O Conselho Superior da Empresa Privada fez um diagnóstico correto da nova situação que ameaça o clima de negócios, alertando que a destituição ilegal dos deputados opositores afeta a democracia, o pluralismo e a divisão de poderes. Mas a cúpula empresarial não se atreve a atiçar a onça, e se dilui em um chamado para que os “atores políticos” colaborem com a solução do problema, fugindo da responsabilidade dos grandes empresários.

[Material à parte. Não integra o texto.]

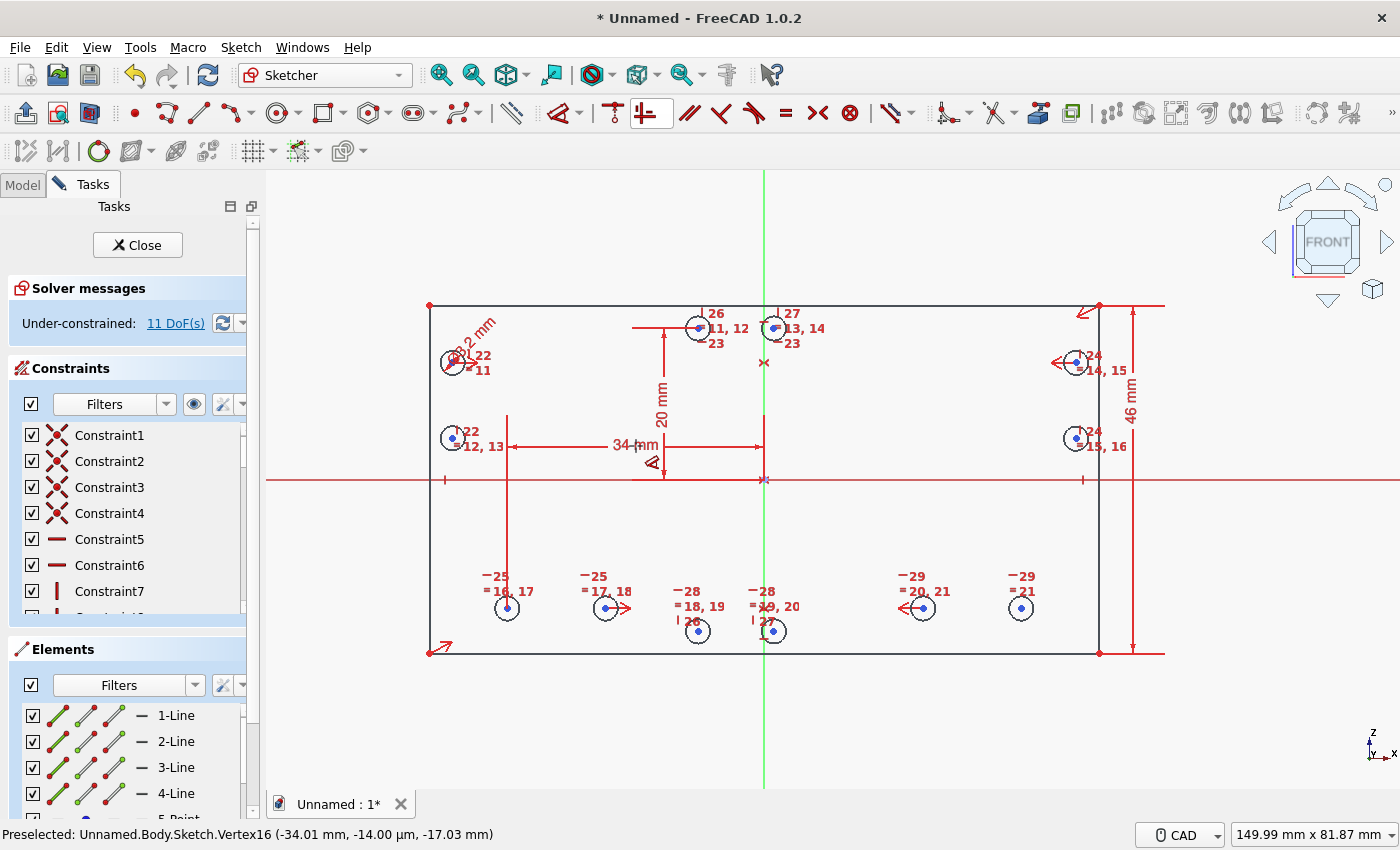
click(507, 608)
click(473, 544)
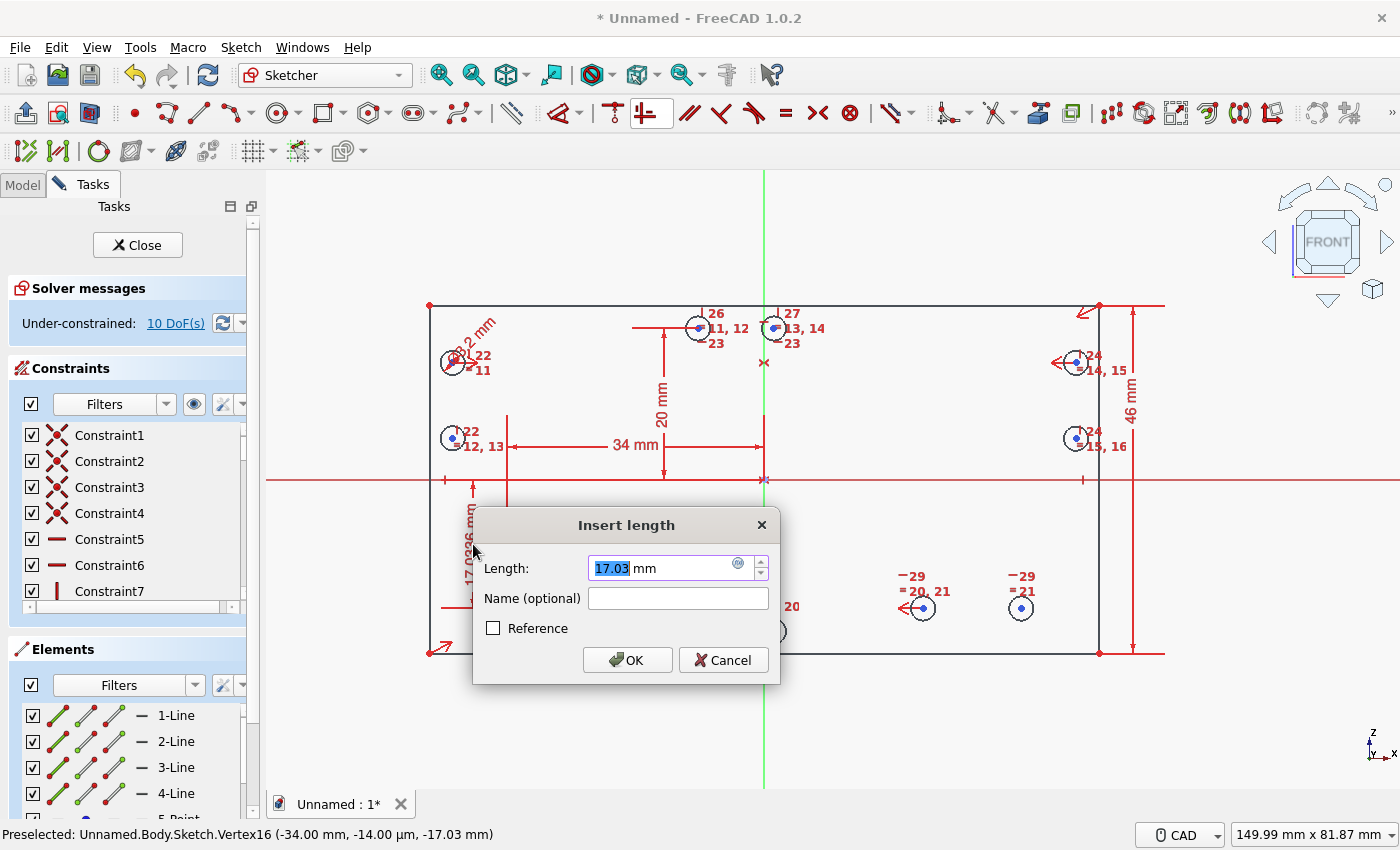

Como aliados e beneficiários do regime corporativista de Ortega, os grandes empresários são também atores políticos, no momento em que silenciam diante da corrupção e da falta de transparência pública. E também interveem na política, quando promovem campanhas cívicas para incentivar o voto, se fazendo de idiotas diante das flagrantes violações perpetradas contra o sistema democrático, que reduziram o direito de livre escolha. A anulação definitiva do pluralismo político está colocando o empresariado diante de uma encruzilhada: manter um silêncio cúmplice ou assumir o risco de se converter em um ator político democrático.
Nas eleições de seis de novembro, sem concorrência e sem transparência, não estará em jogo o poder da FSLN, mas sim a legitimidade futura do regime de Ortega. Seu único obstáculo no momento, enquanto não surgem novas lideranças que possam abrigar uma bandeira de mudança, é que não há por que nem por quem votar.